Le Comte Gracula : Forcément dès qu’on sort du PMU et des femmes à poil on vous perd, l’inconvénient d’avoir plus de poils de couilles que de neurones. Ce film est trop gentil avec vous, il faudrait vous enfermer et c’est déjà vous donner trop d’importance que de faire un long-métrage autour de vous.
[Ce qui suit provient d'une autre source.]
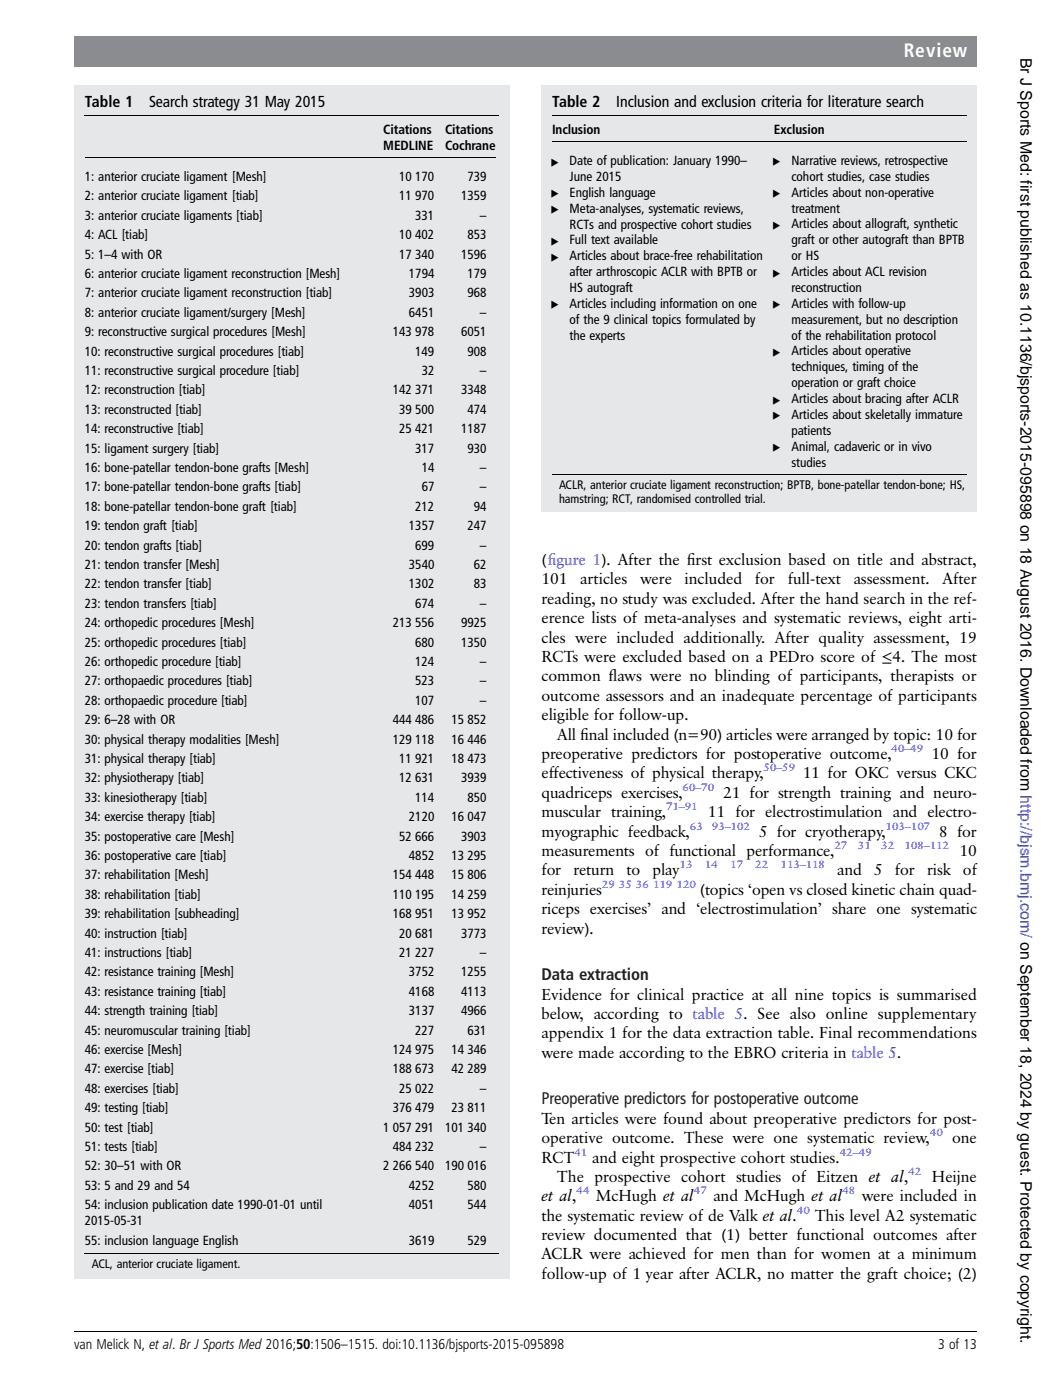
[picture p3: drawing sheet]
<svg xmlns="http://www.w3.org/2000/svg" width="210mm" height="280mm" viewBox="0 0 210 280" stroke-linecap="round" stroke-linejoin="round" font-family="sans-serif">
<defs><g id="words">
<text font-size="3.9" fill="#fff" x="180.6" y="11.5">Review</text>
<g font-size="3.4" fill="#231f20">
<text x="108.2" y="196">Data extraction</text>
<text x="108.2" y="220.9">Preoperative predictors for postoperative outcome</text>
</g>
<g font-size="3.2">
<text x="203.9" y="11.6" transform="rotate(90 203.9 11.6)">Br J Sports Med: first published as 10.1136/bjsports-2015-095898 on 18 August 2016. Downloaded from http://bjsm.bmj.com/ on September 18, 2024 by guest. Protected by copyright.</text>
<text x="16.9" y="21.4">Table 1</text>
<text x="29.8" y="21.4">Search strategy 31 May 2015</text>
<text x="110.3" y="21.4">Table 2</text>
<text x="123.1" y="21.4">Inclusion and exclusion criteria for literature search</text>
<text x="108.2" y="113">(fgure 1). After the frst exclusion based on title and abstract,</text>
<text x="137.2" y="113">i</text>
<text x="108.2" y="116.9">101</text>
<text x="115.9" y="116.9">articles</text>
<text x="127.9" y="116.9">were</text>
<text x="136.8" y="116.9">included</text>
<text x="150.8" y="116.9">for</text>
<text x="157.4" y="116.9">full-text</text>
<text x="170.6" y="116.9">assessment.</text>
<text x="188.3" y="116.9">After</text>
<text x="108.2" y="120.8">reading, no study was excluded. After the hand search in the ref-</text>
<text x="108.2" y="124.6">erence lists of meta-analyses and systematic reviews, eight arti-</text>
<text x="108.2" y="128.5">cles were included additionally. After quality assessment, 19</text>
<text x="108.2" y="132.4">RCTs were excluded based on a PEDro score of ≤4. The most</text>
<text x="108.2" y="136.3">common faws were no blinding of participants, therapists or</text>
<text x="121.6" y="136.3">l</text>
<text x="108.2" y="140.2">outcome assessors and an inadequate percentage of participants</text>
<text x="108.2" y="144">eligible for follow-up.</text>
<text x="111.4" y="147.9">All fnal included (n=90) articles were arranged by topic: 10 for</text>
<text x="115.9" y="147.9">i</text>
<text x="108.2" y="151.8">preoperative predictors for postoperative outcome,</text>
<text x="108.2" y="155.7">effectiveness of physical therapy,</text>
<text x="160.4" y="155.7">11 for OKC versus CKC</text>
<text x="186.1" y="151.8">10 for</text>
<text x="108.2" y="159.6">quadriceps exercises,</text>
<text x="144.5" y="159.6">21 for strength training and neuro-</text>
<text x="108.2" y="163.4">muscular training,</text>
<text x="108.2" y="167.3">myographic feedback,</text>
<text x="141.4" y="163.4">11 for electrostimulation and electro-</text>
<text x="151.7" y="167.3">5 for cryotherapy,</text>
<text x="187.7" y="167.3">8 for</text>
<text x="108.2" y="171.2">measurements of functional performance,</text>
<text x="191.7" y="171.2">10</text>
<text x="108.2" y="179">reinjuries</text>
<text x="108.2" y="175.1">for</text>
<text x="114.6" y="175.1">return</text>
<text x="125.2" y="175.1">to</text>
<text x="130.4" y="175.1">play</text>
<text x="139.9" y="179">(topics ‘open vs closed kinetic chain quad-</text>
<text x="167.3" y="175.1">and</text>
<text x="174.6" y="175.1">5</text>
<text x="178.8" y="175.1">for</text>
<text x="185.2" y="175.1">risk</text>
<text x="192.4" y="175.1">of</text>
<text x="108.2" y="182.8">riceps exercises’ and ‘electrostimulation’ share one systematic</text>
<text x="108.2" y="186.7">review).</text>
<text x="108.2" y="199.9">Evidence for clinical practice at all nine topics is summarised</text>
<text x="108.2" y="203.8">below, according to table 5. See also online supplementary</text>
<text x="108.2" y="207.7">appendix 1 for the data extraction table. Final recommendations</text>
<text x="108.2" y="211.6">were made according to the EBRO criteria in table 5.</text>
<text x="108.2" y="224.7">Ten articles were found about preoperative predictors for post-</text>
<text x="108.2" y="232.5">RCT</text>
<text x="108.2" y="228.6">operative outcome. These were one systematic review,</text>
<text x="118.3" y="232.5">and eight prospective cohort studies.</text>
<text x="190.2" y="228.6">one</text>
<text x="111.4" y="236.4">The prospective cohort studies of Eitzen et al,</text>
<text x="186.2" y="236.4">Heijne</text>
<text x="108.2" y="244.1">the systematic review of de Valk et al.</text>
<text x="108.2" y="240.3">et al,</text>
<text x="119.1" y="240.3">McHugh et al</text>
<text x="142.5" y="240.3">and McHugh et al</text>
<text x="162.9" y="244.1">This level A2 systematic</text>
<text x="172.2" y="240.3">were included in</text>
<text x="108.2" y="248">review documented that (1) better functional outcomes after</text>
<text x="108.2" y="251.9">ACLR were achieved for men than for women at a minimum</text>
<text x="108.2" y="255.8">follow-up of 1 year after ACLR, no matter the graft choice; (2)</text>
</g>
<text font-size="3.2" fill="#00f" x="109.4" y="113">i</text>
<g font-size="2.8">
<text x="14.8" y="269.8">van Melick N, et al. Br J Sports Med 2016;50:1506–1515. doi:10.1136/bjsports-2015-095898</text>
<text x="187.5" y="269.8">3 of 13</text>
</g>
<g font-size="2.6">
<text x="76.6" y="26.7">Citations</text>
<text x="76.6" y="29.9">MEDLINE</text>
<text x="88.9" y="26.7">Citations</text>
<text x="88.9" y="29.9">Cochrane</text>
<text x="110.3" y="26.7">Inclusion</text>
<text x="154.6" y="26.7">Exclusion</text>
<text x="110" y="33.1">▸</text>
<text x="113.8" y="33">Date of publication: January 1990–</text>
<text x="154.3" y="33.1">▸</text>
<text x="158.2" y="33">Narrative reviews, retrospective</text>
<text x="16.9" y="36.2">1: anterior cruciate ligament [Mesh]</text>
<text x="16.9" y="40.1">2: anterior cruciate ligament [tiab]</text>
<text x="79.8" y="36.2">10 170</text>
<text x="79.8" y="40.1">11 970</text>
<text x="92.1" y="40.1">1359</text>
<text x="93.4" y="36.2">739</text>
<text x="110" y="39.5">▸</text>
<text x="113.8" y="36.2">June 2015</text>
<text x="113.8" y="39.3">English language</text>
<text x="154.3" y="39.5">▸</text>
<text x="158.2" y="36.2">cohort studies, case studies</text>
<text x="158.2" y="39.3">Articles about non-operative</text>
<text x="16.9" y="43.9">3: anterior cruciate ligaments [tiab]</text>
<text x="16.9" y="47.8">4: ACL [tiab]</text>
<text x="79.8" y="47.8">10 402</text>
<text x="83" y="43.9">331</text>
<text x="93.4" y="47.8">853</text>
<text x="95.9" y="43.9">–</text>
<text x="110" y="42.6">▸</text>
<text x="113.8" y="42.5">Meta-analyses, systematic reviews,</text>
<text x="113.8" y="45.7">RCTs and prospective cohort studies</text>
<text x="154.3" y="45.8">▸</text>
<text x="158.2" y="42.5">treatment</text>
<text x="158.2" y="45.7">Articles about allograft, synthetic</text>
<text x="16.9" y="51.7">5: 1–4 with OR</text>
<text x="79.8" y="51.7">17 340</text>
<text x="92.1" y="51.7">1596</text>
<text x="110" y="49">▸</text>
<text x="110" y="52.2">▸</text>
<text x="113.8" y="48.9">Full text available</text>
<text x="113.8" y="52">Articles about brace-free rehabilitation</text>
<text x="158.2" y="48.9">graft or other autograft than BPTB</text>
<text x="158.2" y="52">or HS</text>
<text x="16.9" y="55.6">6: anterior cruciate ligament reconstruction [Mesh]</text>
<text x="16.9" y="59.5">7: anterior cruciate ligament reconstruction [tiab]</text>
<text x="81.7" y="55.6">1794</text>
<text x="81.7" y="59.5">3903</text>
<text x="93.4" y="55.6">179</text>
<text x="93.4" y="59.5">968</text>
<text x="113.8" y="55.2">after arthroscopic ACLR with BPTB or</text>
<text x="113.8" y="58.4">HS autograft</text>
<text x="154.3" y="55.3">▸</text>
<text x="158.2" y="55.2">Articles about ACL revision</text>
<text x="158.2" y="58.4">reconstruction</text>
<text x="16.9" y="63.3">8: anterior cruciate ligament/surgery [Mesh]</text>
<text x="81.7" y="63.3">6451</text>
<text x="95.9" y="63.3">–</text>
<text x="110" y="61.7">▸</text>
<text x="113.8" y="61.6">Articles including information on one</text>
<text x="113.8" y="64.7">of the 9 clinical topics formulated by</text>
<text x="154.3" y="61.7">▸</text>
<text x="158.2" y="61.6">Articles with follow-up</text>
<text x="158.2" y="64.7">measurement, but no description</text>
<text x="16.9" y="67.2">9: reconstructive surgical procedures [Mesh]</text>
<text x="16.9" y="71.1">10: reconstructive surgical procedures [tiab]</text>
<text x="78.5" y="67.2">143 978</text>
<text x="83" y="71.1">149</text>
<text x="92.1" y="67.2">6051</text>
<text x="93.4" y="71.1">908</text>
<text x="113.8" y="67.9">the experts</text>
<text x="154.3" y="71.2">▸</text>
<text x="158.2" y="67.9">of the rehabilitation protocol</text>
<text x="158.2" y="71.1">Articles about operative</text>
<text x="16.9" y="75">11: reconstructive surgical procedure [tiab]</text>
<text x="84.3" y="75">32</text>
<text x="95.9" y="75">–</text>
<text x="158.2" y="74.3">techniques, timing of the</text>
<text x="158.2" y="77.4">operation or graft choice</text>
<text x="16.9" y="78.9">12: reconstruction [tiab]</text>
<text x="16.9" y="82.7">13: reconstructed [tiab]</text>
<text x="78.5" y="78.9">142 371</text>
<text x="79.8" y="82.7">39 500</text>
<text x="92.1" y="78.9">3348</text>
<text x="93.4" y="82.7">474</text>
<text x="154.3" y="80.7">▸</text>
<text x="154.3" y="83.9">▸</text>
<text x="158.2" y="80.6">Articles about bracing after ACLR</text>
<text x="158.2" y="83.8">Articles about skeletally immature</text>
<text x="16.9" y="86.6">14: reconstructive [tiab]</text>
<text x="79.8" y="86.6">25 421</text>
<text x="92.1" y="86.6">1187</text>
<text x="158.2" y="87">patients</text>
<text x="16.9" y="90.5">15: ligament surgery [tiab]</text>
<text x="16.9" y="94.4">16: bone-patellar tendon-bone grafts [Mesh]</text>
<text x="83" y="90.5">317</text>
<text x="84.3" y="94.4">14</text>
<text x="93.4" y="90.5">930</text>
<text x="95.9" y="94.4">–</text>
<text x="154.3" y="90.3">▸</text>
<text x="158.2" y="90.1">Animal, cadaveric or in vivo</text>
<text x="158.2" y="93.3">studies</text>
<text x="16.9" y="98.3">17: bone-patellar tendon-bone grafts [tiab]</text>
<text x="84.3" y="98.3">67</text>
<text x="95.9" y="98.3">–</text>
<text x="16.9" y="102.1">18: bone-patellar tendon-bone graft [tiab]</text>
<text x="16.9" y="106">19: tendon graft [tiab]</text>
<text x="81.7" y="106">1357</text>
<text x="83" y="102.1">212</text>
<text x="93.4" y="106">247</text>
<text x="94.7" y="102.1">94</text>
<text x="16.9" y="109.9">20: tendon grafts [tiab]</text>
<text x="16.9" y="113.8">21: tendon transfer [Mesh]</text>
<text x="81.7" y="113.8">3540</text>
<text x="83" y="109.9">699</text>
<text x="94.7" y="113.8">62</text>
<text x="95.9" y="109.9">–</text>
<text x="16.9" y="117.7">22: tendon transfer [tiab]</text>
<text x="81.7" y="117.7">1302</text>
<text x="94.7" y="117.7">83</text>
<text x="16.9" y="121.5">23: tendon transfers [tiab]</text>
<text x="16.9" y="125.4">24: orthopedic procedures [Mesh]</text>
<text x="78.5" y="125.4">213 556</text>
<text x="83" y="121.5">674</text>
<text x="92.1" y="125.4">9925</text>
<text x="95.9" y="121.5">–</text>
<text x="16.9" y="129.3">25: orthopedic procedures [tiab]</text>
<text x="83" y="129.3">680</text>
<text x="92.1" y="129.3">1350</text>
<text x="16.9" y="133.2">26: orthopedic procedure [tiab]</text>
<text x="16.9" y="137.1">27: orthopaedic procedures [tiab]</text>
<text x="83" y="137.1">523</text>
<text x="83" y="133.2">124</text>
<text x="95.9" y="133.2">–</text>
<text x="95.9" y="137.1">–</text>
<text x="16.9" y="140.9">28: orthopaedic procedure [tiab]</text>
<text x="83" y="140.9">107</text>
<text x="95.9" y="140.9">–</text>
<text x="16.9" y="144.8">29: 6–28 with OR</text>
<text x="16.9" y="148.7">30: physical therapy modalities [Mesh]</text>
<text x="78.5" y="148.7">129 118</text>
<text x="78.5" y="144.8">444 486</text>
<text x="90.2" y="148.7">16 446</text>
<text x="90.2" y="144.8">15 852</text>
<text x="16.9" y="152.6">31: physical therapy [tiab]</text>
<text x="79.8" y="152.6">11 921</text>
<text x="90.2" y="152.6">18 473</text>
<text x="16.9" y="156.5">32: physiotherapy [tiab]</text>
<text x="16.9" y="160.3">33: kinesiotherapy [tiab]</text>
<text x="79.8" y="156.5">12 631</text>
<text x="83" y="160.3">114</text>
<text x="92.1" y="156.5">3939</text>
<text x="93.4" y="160.3">850</text>
<text x="16.9" y="164.2">34: exercise therapy [tiab]</text>
<text x="81.7" y="164.2">2120</text>
<text x="90.2" y="164.2">16 047</text>
<text x="16.9" y="168.1">35: postoperative care [Mesh]</text>
<text x="16.9" y="172">36: postoperative care [tiab]</text>
<text x="79.8" y="168.1">52 666</text>
<text x="81.7" y="172">4852</text>
<text x="90.2" y="172">13 295</text>
<text x="92.1" y="168.1">3903</text>
<text x="16.9" y="175.9">37: rehabilitation [Mesh]</text>
<text x="16.9" y="179.8">38: rehabilitation [tiab]</text>
<text x="78.5" y="179.8">110 195</text>
<text x="78.5" y="175.9">154 448</text>
<text x="90.2" y="179.8">14 259</text>
<text x="90.2" y="175.9">15 806</text>
<text x="16.9" y="183.6">39: rehabilitation [subheading]</text>
<text x="78.5" y="183.6">168 951</text>
<text x="90.2" y="183.6">13 952</text>
<text x="16.9" y="187.5">40: instruction [tiab]</text>
<text x="16.9" y="191.4">41: instructions [tiab]</text>
<text x="79.8" y="191.4">21 227</text>
<text x="79.8" y="187.5">20 681</text>
<text x="92.1" y="187.5">3773</text>
<text x="95.9" y="191.4">–</text>
<text x="16.9" y="195.3">42: resistance training [Mesh]</text>
<text x="81.7" y="195.3">3752</text>
<text x="92.1" y="195.3">1255</text>
<text x="16.9" y="199.2">43: resistance training [tiab]</text>
<text x="16.9" y="203">44: strength training [tiab]</text>
<text x="81.7" y="199.2">4168</text>
<text x="81.7" y="203">3137</text>
<text x="92.1" y="199.2">4113</text>
<text x="92.1" y="203">4966</text>
<text x="16.9" y="206.9">45: neuromuscular training [tiab]</text>
<text x="83" y="206.9">227</text>
<text x="93.4" y="206.9">631</text>
<text x="16.9" y="210.8">46: exercise [Mesh]</text>
<text x="16.9" y="214.7">47: exercise [tiab]</text>
<text x="78.5" y="210.8">124 975</text>
<text x="78.5" y="214.7">188 673</text>
<text x="90.2" y="210.8">14 346</text>
<text x="90.2" y="214.7">42 289</text>
<text x="16.9" y="218.6">48: exercises [tiab]</text>
<text x="79.8" y="218.6">25 022</text>
<text x="95.9" y="218.6">–</text>
<text x="16.9" y="222.4">49: testing [tiab]</text>
<text x="16.9" y="226.3">50: test [tiab]</text>
<text x="76.6" y="226.3">1 057 291</text>
<text x="78.5" y="222.4">376 479</text>
<text x="88.9" y="226.3">101 340</text>
<text x="90.2" y="222.4">23 811</text>
<text x="16.9" y="230.2">51: tests [tiab]</text>
<text x="78.5" y="230.2">484 232</text>
<text x="95.9" y="230.2">–</text>
<text x="16.9" y="238">53: 5 and 29 and 54</text>
<text x="16.9" y="234.1">52: 30–51 with OR</text>
<text x="76.6" y="234.1">2 266 540</text>
<text x="81.7" y="238">4252</text>
<text x="88.9" y="234.1">190 016</text>
<text x="93.4" y="238">580</text>
<text x="16.9" y="241.8">54: inclusion publication date 1990-01-01 until</text>
<text x="16.9" y="245">2015-05-31</text>
<text x="81.7" y="241.8">4051</text>
<text x="93.4" y="241.8">544</text>
<text x="16.9" y="248.9">55: inclusion language English</text>
<text x="81.7" y="248.9">3619</text>
<text x="93.4" y="248.9">529</text>
</g>
<g font-size="2.5">
<text x="111.7" y="97.7">ACLR, anterior cruciate ligament reconstruction; BPTB, bone-patellar tendon-bone; HS,</text>
<text x="111.7" y="100.6">hamstring; RCT, randomised controlled trial.</text>
<text x="18.3" y="253.7">ACL, anterior cruciate ligament.</text>
</g>
<g font-size="2.1" fill="#00f">
<text x="152.6" y="154.3">50–59</text>
<text x="178.1" y="150.4">40–49</text>
<text x="136.4" y="158.1">60–70</text>
<text x="133.1" y="162">71–91</text>
<text x="137.8" y="165.9">63</text>
<text x="142.2" y="165.9">93–102</text>
<text x="177" y="165.9">103–107</text>
<text x="135.8" y="173.7">13</text>
<text x="140.8" y="173.7">14</text>
<text x="145.9" y="173.7">17</text>
<text x="150.9" y="173.7">22</text>
<text x="156" y="173.7">113–118</text>
<text x="166.7" y="169.8">27</text>
<text x="171.4" y="169.8">31</text>
<text x="176.1" y="169.8">32</text>
<text x="180.7" y="169.8">108–112</text>
<text x="120.2" y="177.5">29 35 36 119 120</text>
<text x="185.8" y="227.2">40</text>
<text x="114.8" y="231.1">41</text>
<text x="167.8" y="231.1">42–49</text>
<text x="115.2" y="238.9">44</text>
<text x="138.7" y="238.9">47</text>
<text x="168.3" y="238.9">48</text>
<text x="181.5" y="235">42</text>
<text x="159.2" y="242.7">40</text>
</g>
</g></defs>
<path d="M14.8 17.1h87v238.7h-87z" fill="#e6e7e9"/>
<path d="M16.9 23.1h82.8M16.9 31.5h82.2M16.9 250.8h82.8" fill="none" stroke="#000" stroke-width=".2"/>
<path d="M108.2 17.1h87v85.2h-87z" fill="#e6e7e9"/>
<path d="M110.3 23.1h82.8M110.3 28.4h82.8M110.3 94.8h82.8M14.8 266.3h180.4" fill="none" stroke="#000" stroke-width=".2"/>
<path d="M14.8 7.2h180.4v6h-180.4z" fill="#8a8c8f"/>
<use href="#words"/>
</svg>

The Watcher : Trop gentil ? Autour de vous ? Ce film ne parle que de vous : même dans le monde “inversé” où les femmes sont les dominantes, on ne voit que vos soucis, en agissant comme des hommes, vous reconnaissez comme c’est pénible d’être un homme aujourd’hui. Le personnage soi-disant principal incarné par Vincent Elbaz n’est qu’un faire-valoir pour Marie-Sophie Ferdane qui phagocyte les intrigues autour de sa petite personne et ses problèmes d’auteur en panne et de célibataire en manque. Le Comte Gracula : Faire-valoir ? J’aimerais bien être un faire-valoir comme ça “et voilà que je fais ce que je veux, et voilà que l’univers tourne autour de moi, et bouhou les femmes sont méchantes parce qu’elles veulent toutes me mettre dans leur lit mais à leurs conditions et sans que je puisse me comporter comme un connard”. Même une huître a plus de problèmes existentiels que cet homme. Surtout qu’il finit par avoir la fille. Le lesbianisme politique, y a que ça de vrai !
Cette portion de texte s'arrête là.